Is IPTW (inverse probability of treatment weighting) legal? When using IPTW, one can easily get weights 10 or even 20 for the observations.
For instance, in logistic regression, weight 10 for an observation means that we have not one, but 10 observations identical to this one. Thus, if we are allowed to assign weights > 1 to observations, then we can take, e.g., a sample of 100 observations, assign weight 10 to each one of them, and thus obtain a sample of 1000 observations, with totally lesser p-values etc.. But that will be evidently illegal.
Why assigning weights > 1 is legal in IPTW? Is IPTW with weights >1 legal?
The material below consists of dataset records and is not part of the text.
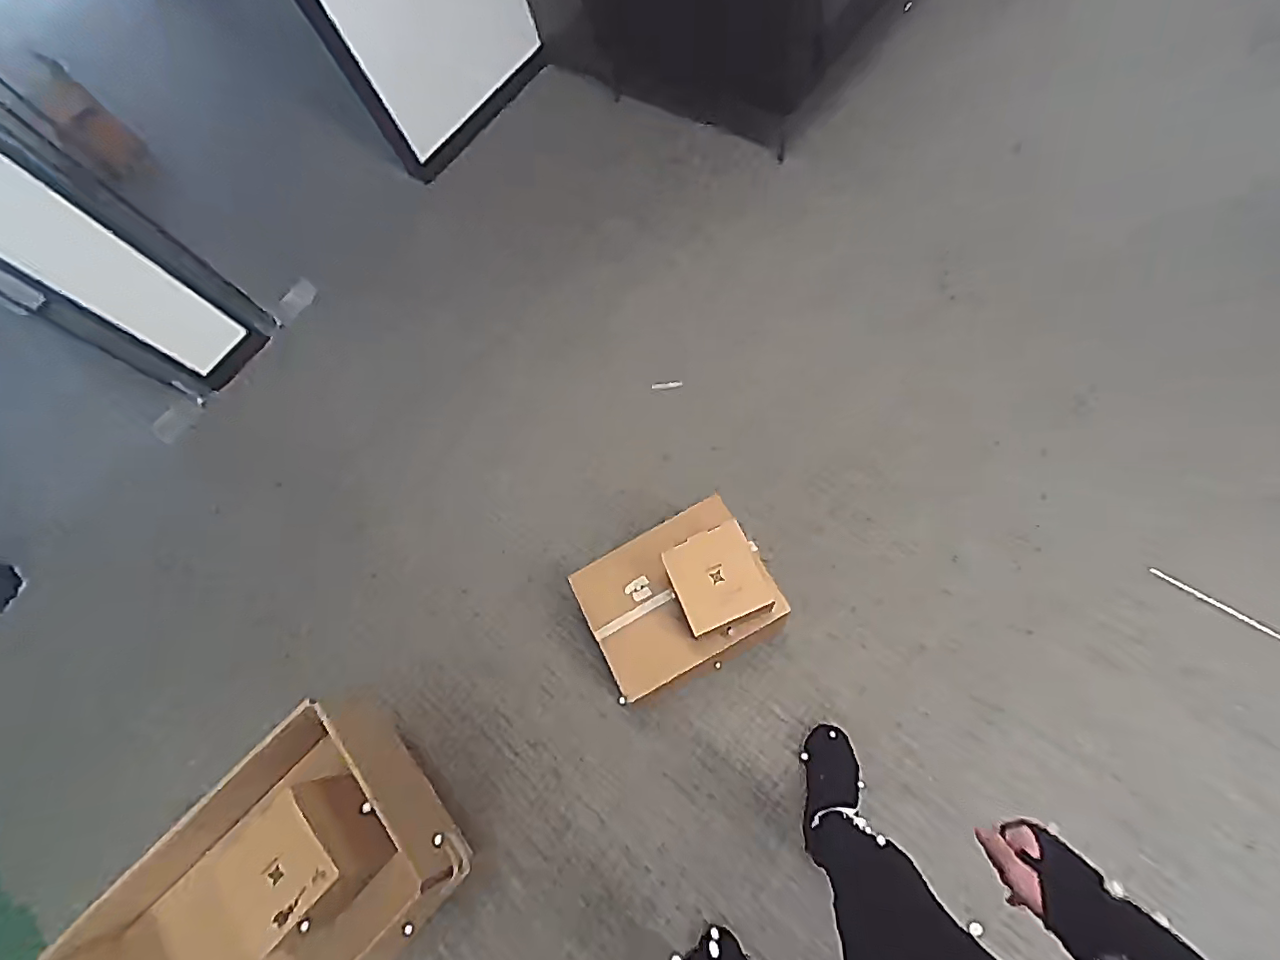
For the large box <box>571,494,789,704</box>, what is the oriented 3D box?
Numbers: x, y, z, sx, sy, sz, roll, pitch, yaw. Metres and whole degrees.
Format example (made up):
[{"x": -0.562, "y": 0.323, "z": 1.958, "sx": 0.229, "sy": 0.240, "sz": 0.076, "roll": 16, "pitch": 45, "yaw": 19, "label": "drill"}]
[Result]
[{"x": 0.106, "y": 0.299, "z": 1.328, "sx": 0.408, "sy": 0.320, "sz": 0.320, "roll": -30, "pitch": 66, "yaw": 0, "label": "large box"}]

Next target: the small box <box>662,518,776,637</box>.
[{"x": 0.157, "y": 0.203, "z": 1.088, "sx": 0.168, "sy": 0.176, "sz": 0.179, "roll": -24, "pitch": 69, "yaw": 2, "label": "small box"}]
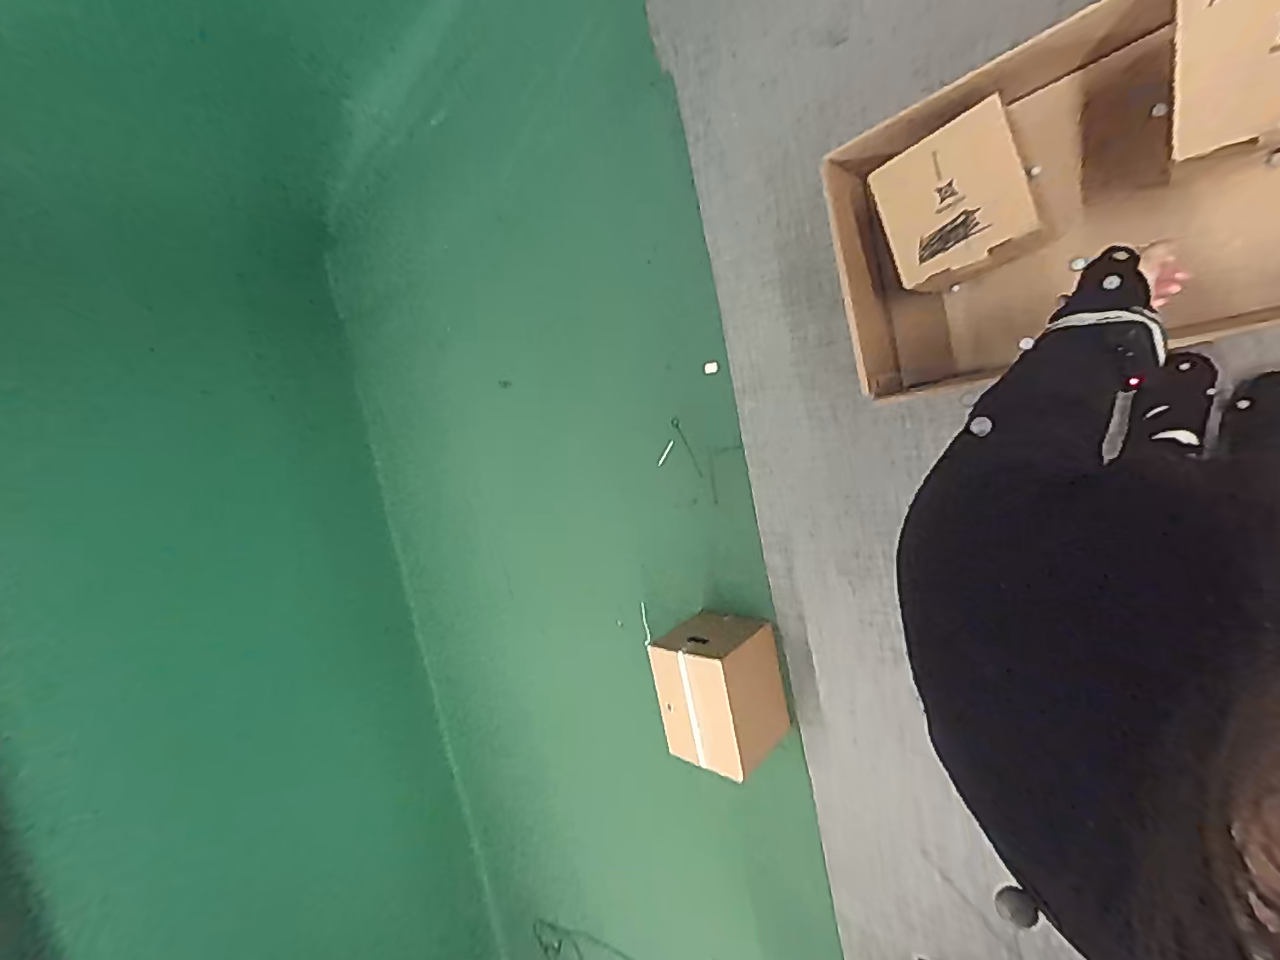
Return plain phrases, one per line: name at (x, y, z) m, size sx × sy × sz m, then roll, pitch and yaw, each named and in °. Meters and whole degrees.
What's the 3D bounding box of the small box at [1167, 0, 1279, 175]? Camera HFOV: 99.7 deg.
small box at (0.669, -0.439, 0.563) m, size 0.168 × 0.176 × 0.179 m, roll 2°, pitch 105°, yaw 44°

 A: That is not how it works. The inference based on logistic regression is not correct when you incorporate weighting. You need to estimate the variance of the IPTW estimator, which happens to be inversely related to the propensity score. So large weights also lead to large variance estimates and thus larger p-values.
(Also, with IPTW, all weights are larger than one since it is the inverse of a probability).
Here is a ultra mini-lesson on IPW estimators. Suppose you observe the data structure $(X,A,Y)$ where $X$ is a vector of covariates, $A$ is a binary treatment, and $Y$ is some outcome. Let $\pi_0(x):= P(A=1|X=x)$ be the propensity score. Suppose we are interested in estimating the treatment-specific mean parameter $Psi := E_XE[Y|A=1,X]$. Consider the identity
$$E_XE[Y|A=1,X] = E_X \left[\frac{E[Y|A,X]1(A=1)}{\pi_0(X)}\right] =  E_X \left[\frac{Y1(A=1)}{\pi_0(X)}\right],$$
which follows from a conditioning argument. This suggests the following IPW estimator of $\Psi$:
$$\hat \Psi_n := \frac{1}{n} \sum_{i=1}^n \frac{Y_i1(A_i=1)}{\pi_0(X_i)}$$
where we unrealistically assume that $\pi_0$ is known. Since $\hat \Psi_n$ is just an average of a random variable, inference is easy. We have
$$\sqrt{n}(\hat \Psi_n - \Psi) \rightarrow_d  N\left(0, \text{Var}_0\{Y1(A=1)/\pi_0(X)\} \right).$$
Now, note that the variance depends on the weight $w_0=\frac{1}{\pi_0(X)}$, so a larger weight gives a larger variance.
You are free to replace $\pi_0$ with a logistic regression estimate of $\pi_n$, but this is usually not a $\sqrt{n}$-consistent or asymptotically normal estimator without very strong conditions.
Note, $E[Y|A=1]$ and $E_XE[Y|A=1,X]$ are two very different parameters.